I grew up composing, but also coding. But at first they didn’t overlap, mostly because I didn’t find anything tangible with electronic sound. Compared to composing for acoustic instruments, where the sound production is intimately connected to the instrument and the performance, electronic sound was too abstract. But when I first started designing and programming circuit boards, initially to explore creating kinetic art, I found that computation itself had a physical presence in these simple chips and circuits. Happening upon 1-bit sound was nothing too special, connecting a speaker to the output of a chip, but I fell in love with its sound, and I found its simplicity interesting on a mathematical level. So the microchip and the speaker came to be part of my musical vocabulary like pianos and strings and winds. 1-Bit Symphony, and now Noise Patterns, are the result of focusing on stereo sound. 2. Some of your past work, like Microtonal Wall, integrates both the sonic and the visual. When you make music, is your process very visual? Do you believe there to be as firm a boundary as we might think between what we see and what we hear?
Actually, yes, I think of music very visually, in terms of patterns, interference patterns, harmony, etc. A lot of that comes from playing the piano, where each pitch and chord has a specific shape in my hands. And rhythm is a visceral thing — and even if the movement of ones hands is not specifically visual, it is done through space and involves more dimensions than just a sound wave. And then scores and code have a visual component too that illuminates the structure they encode. But I do think there is a boundary, and I rarely overlap musical and visual works, unless I find the original artistic idea has equal expression in both, and that is very rare. 3. When did the idea to start your label, Physical Editions, emerge, and why?

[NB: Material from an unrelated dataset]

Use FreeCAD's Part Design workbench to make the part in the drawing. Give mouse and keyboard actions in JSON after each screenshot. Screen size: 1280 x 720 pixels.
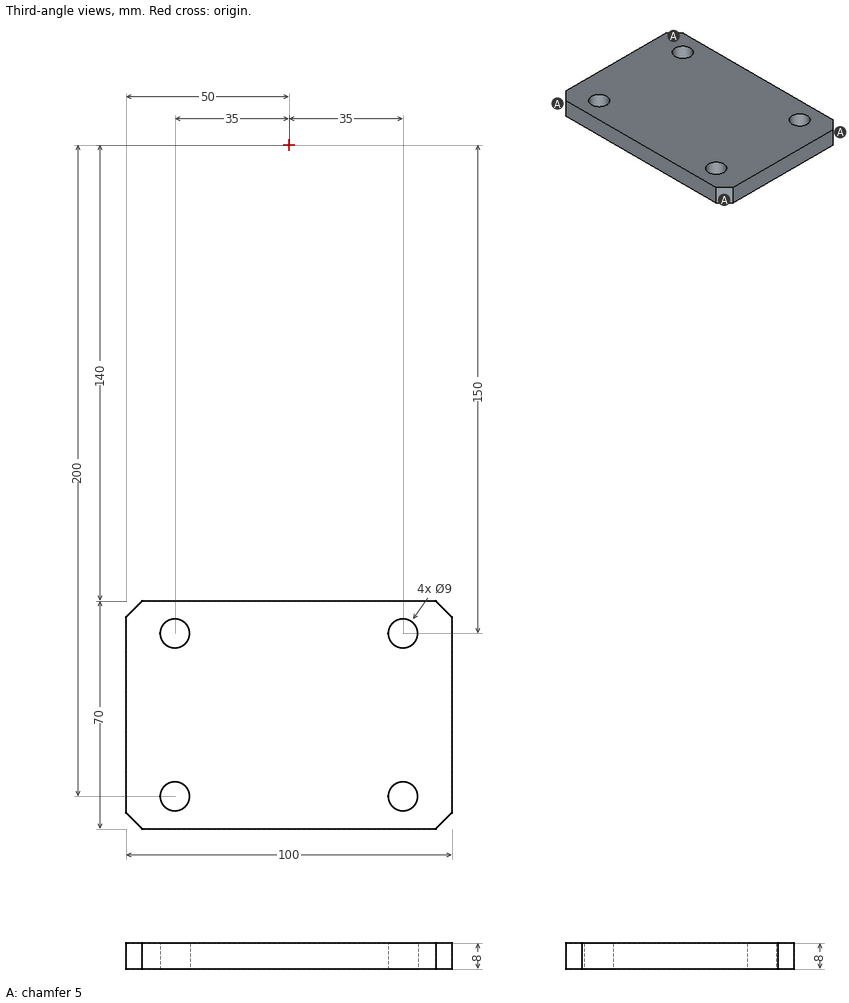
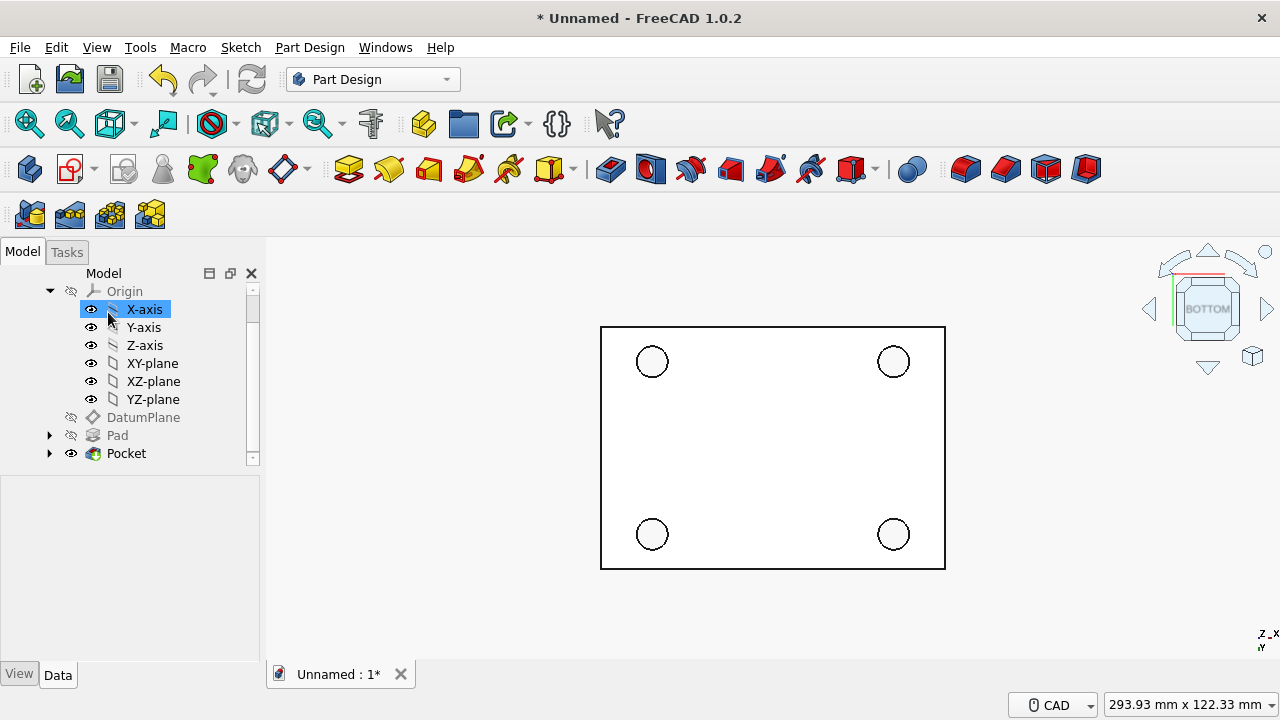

Lesley Flanigan and I started Physical Editions in 2014 as a vehicle to give us the space (in multiple axes) to release our projects exactly the way we wanted to. The word “label” doesn’t quite represent it, more imprint, or production house, since we create books and it supports the fabrication of our installations and objects as well. The project list is huge, and we are just getting started. 4. On the Physical Editions website, a description of Lesley Flanigan's Hedera explains her piece as existing "halfway between the equally hallowed spaces of the experimental music hall and the dance floor". Do you see overlap between experimental electronic art music like Hedera or your own works and experimental house and techno music? Yes, both Lesley and I have both listened heavily to electronic music of all kinds since we were kids, alongside contemporary music. I grew up on Underworld, Aphex Twin, Autechre, Chemical Brothers, DJ Shadow, Portishead, Roni Size, µ-Ziq. I believe the listening interests of people who listen to electronic music are extremely similar to those who listen to “classical” music, as both audiences are interested in sound, in texture, in shape, in transition, in composition. I find a lot more overlap there than with indie rock. It’s funny timing, since both Lesley’s recent Hedera and my new Noise Patterns are our first albums that have specific “beat” elements in them. 5. Robert Henke, aka Monolake, also draws inspiration from the digital and the visual in his experimental techno works and his work in developing the popular production software Ableton. Do you find similarities between your projects? Robert Henke is one of a small handful of artists with whom I find an artistic kinship. He is interested in technology as a deeply meaningful medium, and creates thoughtful works with it, both in music and as installations. That’’s quite evident in his new body of work for the vintage 8032 computer, which he is programming in assembly language. I have programmed in assembly since 1-Bit Symphony, and he’s the only other artist I know of who does so! At least for me—and I believe for him too—working in assembly gives me a direct connection to the hardware itself, removing all the layers of technology we usually have to wade through that shield us from the actual raw processes underneath all the technology around us.